To continue the post before the one before this one:
I also thought that at the conference I might see M, who I worked with at the Miami Herald, he was my friend and neighbor (as in don't talk to your neighbor, schoolteachers would say; he was in the desk behind me, I think) and confidant. I knew he was getting an MFA in creative nonfiction.
So I am at the conference. I am invited to the cocktail party put on by ** University, where The One received her master's recently. Before I go, I'm standing in mezzanine level of the hotel and looking down and I think I recognize her in the lobby.
At the cocktail party. There she is. She is at the buffet and I am at the buffet and she is talking to someone and we are this far apart--but she is talking to someone and I say nothing.
Then I am talking to the person I came to see at the party. We talk for quite a while. Then we part and I am at the cocktail party saying hello to a young writer I know from a Jewish women's reading we did together. Then I am in the next room and I see The One and she is talking to a man in a dark suit. Next time I turn around to approach they are still talking but they have moved about three feet away. And the next time, three more feet. I am defeated. I do not want to pursue. It seems too difficult, psychologically, to trail them and insert myself inside their conversation. And then the next time I look, they're gone.

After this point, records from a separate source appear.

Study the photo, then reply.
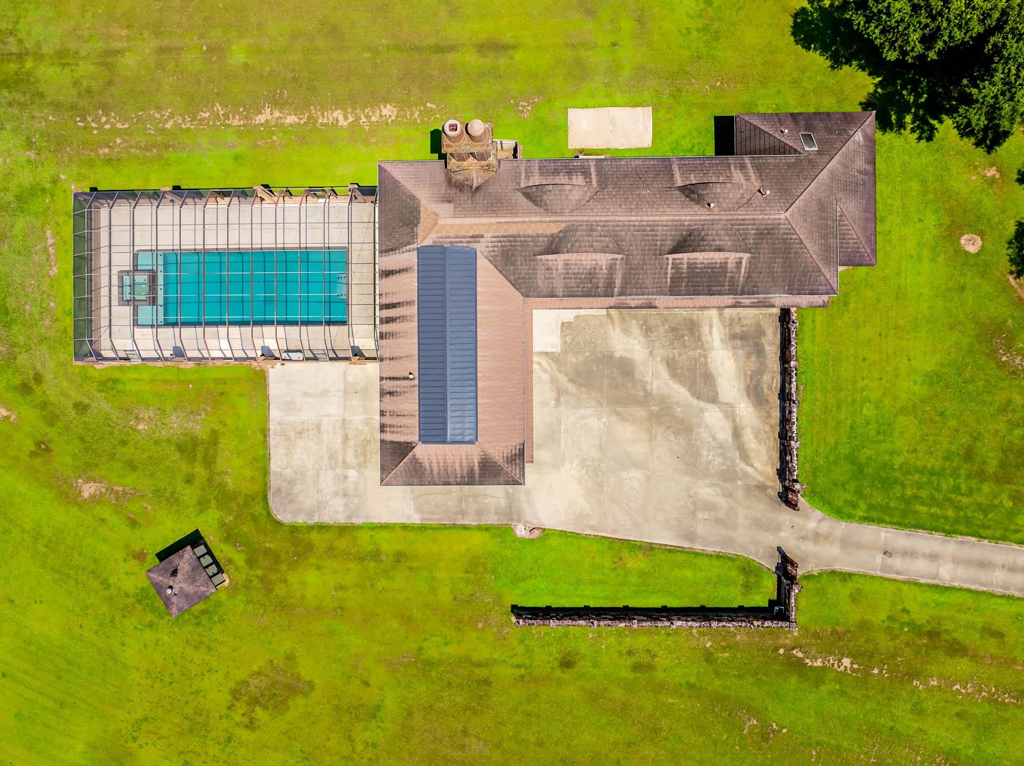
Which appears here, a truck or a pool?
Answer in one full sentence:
Of the two, only a pool appears.
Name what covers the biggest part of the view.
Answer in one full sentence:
For the most part, this view shows grass.
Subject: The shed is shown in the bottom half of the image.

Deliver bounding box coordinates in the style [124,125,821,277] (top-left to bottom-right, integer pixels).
[146,542,226,617]
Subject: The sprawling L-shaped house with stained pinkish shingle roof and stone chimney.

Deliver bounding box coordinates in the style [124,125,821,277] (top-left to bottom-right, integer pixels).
[377,111,877,486]
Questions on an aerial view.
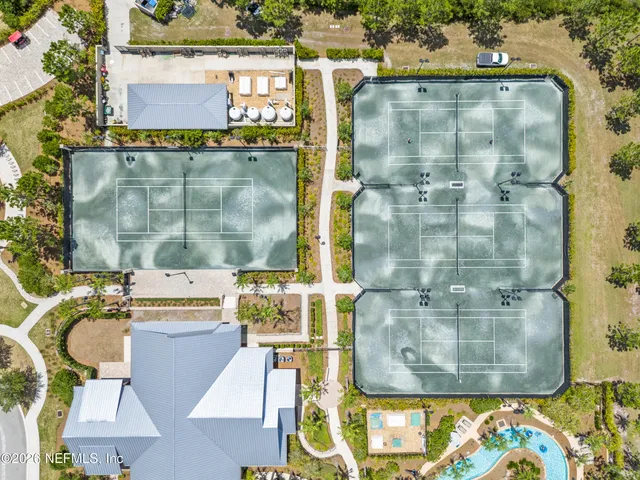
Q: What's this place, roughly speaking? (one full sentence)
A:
What you see here is a sports ground.
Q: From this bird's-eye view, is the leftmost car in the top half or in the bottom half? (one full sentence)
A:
Seen from above, the leftmost car lies in the top half of the view.
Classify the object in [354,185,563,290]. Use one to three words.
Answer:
tennis court
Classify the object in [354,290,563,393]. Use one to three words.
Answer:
tennis court
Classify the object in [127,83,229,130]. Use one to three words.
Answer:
shed
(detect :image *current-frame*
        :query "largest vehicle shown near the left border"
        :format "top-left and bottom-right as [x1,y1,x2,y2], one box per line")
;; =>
[6,28,28,51]
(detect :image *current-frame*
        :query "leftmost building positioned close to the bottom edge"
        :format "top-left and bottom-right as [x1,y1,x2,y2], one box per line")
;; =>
[62,321,296,480]
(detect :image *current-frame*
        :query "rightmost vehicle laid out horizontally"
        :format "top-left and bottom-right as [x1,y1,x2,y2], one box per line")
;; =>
[476,51,511,65]
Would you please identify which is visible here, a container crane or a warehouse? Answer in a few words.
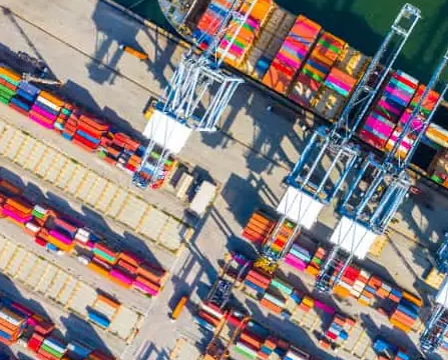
container crane
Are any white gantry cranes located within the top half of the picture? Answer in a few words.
Yes
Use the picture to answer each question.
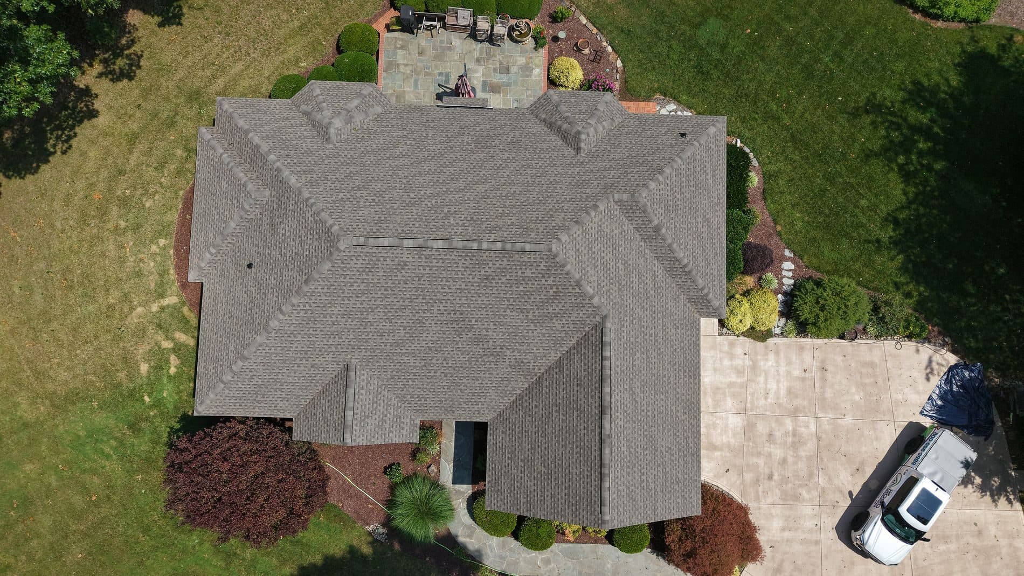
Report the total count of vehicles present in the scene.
1
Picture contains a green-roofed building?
No
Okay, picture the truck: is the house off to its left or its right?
to the left of it
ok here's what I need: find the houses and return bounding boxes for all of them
[187,80,728,530]
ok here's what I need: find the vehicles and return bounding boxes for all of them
[853,418,979,569]
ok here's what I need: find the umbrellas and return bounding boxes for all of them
[459,64,485,98]
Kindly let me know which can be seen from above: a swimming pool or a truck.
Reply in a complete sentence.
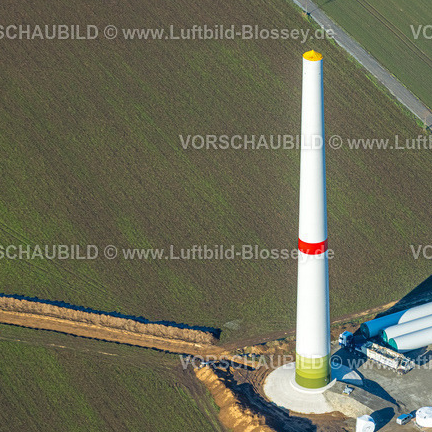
Of the two, only a truck appears.
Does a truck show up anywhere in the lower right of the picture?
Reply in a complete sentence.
Yes, a truck can be seen in the lower right of the picture.
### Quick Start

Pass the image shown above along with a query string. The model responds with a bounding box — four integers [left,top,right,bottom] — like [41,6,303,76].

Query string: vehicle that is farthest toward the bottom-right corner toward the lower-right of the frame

[394,411,415,426]
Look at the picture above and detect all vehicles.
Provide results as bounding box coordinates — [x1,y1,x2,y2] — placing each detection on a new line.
[337,331,415,372]
[394,411,415,426]
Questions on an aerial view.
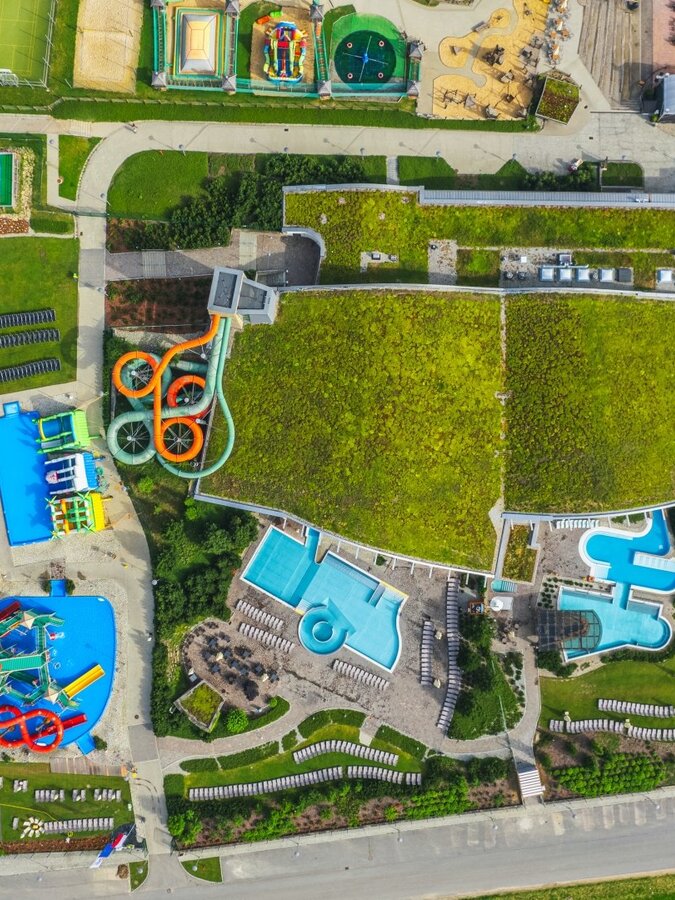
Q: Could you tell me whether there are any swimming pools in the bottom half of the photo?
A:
Yes
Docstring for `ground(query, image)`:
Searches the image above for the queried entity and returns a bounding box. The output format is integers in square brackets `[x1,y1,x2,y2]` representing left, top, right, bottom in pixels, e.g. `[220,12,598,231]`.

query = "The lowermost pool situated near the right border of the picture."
[556,582,673,662]
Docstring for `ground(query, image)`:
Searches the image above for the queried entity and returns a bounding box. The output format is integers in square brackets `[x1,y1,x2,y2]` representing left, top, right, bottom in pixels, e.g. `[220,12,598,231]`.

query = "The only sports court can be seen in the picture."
[73,0,142,93]
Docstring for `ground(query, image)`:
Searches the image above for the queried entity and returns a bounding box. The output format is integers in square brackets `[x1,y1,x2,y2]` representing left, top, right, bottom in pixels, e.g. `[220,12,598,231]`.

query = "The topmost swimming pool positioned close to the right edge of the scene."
[580,509,675,592]
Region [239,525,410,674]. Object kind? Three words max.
swimming pool
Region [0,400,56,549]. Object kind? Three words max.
swimming pool
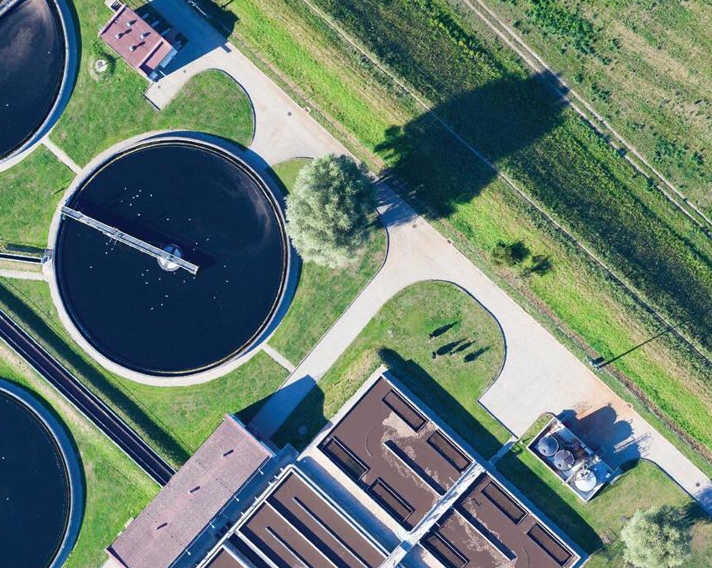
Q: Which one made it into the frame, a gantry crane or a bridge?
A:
bridge
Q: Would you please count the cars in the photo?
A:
0
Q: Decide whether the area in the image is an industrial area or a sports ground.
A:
industrial area
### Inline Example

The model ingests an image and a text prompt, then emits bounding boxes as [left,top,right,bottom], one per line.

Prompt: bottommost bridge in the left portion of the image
[61,205,200,272]

I am so agitated. I am so so sad. I am 90 percent sure that she saw me. I talk to an old friend from those days who says it is sad that The One cannot forgive me, that she is still holding on to that anger. That she should move on beyond that. I go downstairs to catch up with people I'm eating dinner with and I'm still sad and I tell them and slowly during dinner the sadness and agitation dissipate.
I still don't know if I'm thinking about The One and making the Sighting so important because she has rejected me. I remember a friend who broke up with his girlfriend then wrote her letter upon letter, and I thought it was way way too much, that he was besieging her, but then he went back to visit her and they are now married 15 or more years with two smiling children. I thought his pursuit was extreme, but I was wrong.
What am I so eager to talk about with her? What am I so anxious to discuss? I want to talk about the teenagers we were when we were starting college, and I want to know if journalism was ever as difficult for her as it was for me (crying in sheer anxiety before interviews), what she's learned in the years that she pursued that profession while I pursued style and "self-expression," why she decided to study "creative writing" and what she learned that was different from her everyday. My everyday is taken up with the study of the masters of the essay, and the current practitioners, and reading that I will use in my own work that I struggle to find a structure for. Only an idiot would ever write for free, but we, my brethren in the creative writing world, do it all the time. (As Samuel Johnson put it, No man but a blockhead ever wrote, except for money.) We are innovators and thinkers and we are trying to convey meaning shaped in pieces that will last quite a while if not forever, but these pieces are not valued enough, and so though no one crosses our palms with silver, we offer our carefully-honed work to magazines that serve a thousand or five hundred or fifteen hundred. We write these things because we have to and how odd odd odd it is that someone who is making a living at journalism would choose to study how to write more exquisitely and for a much smaller audience.
Or maybe she is wanting to write books, and for a large audience.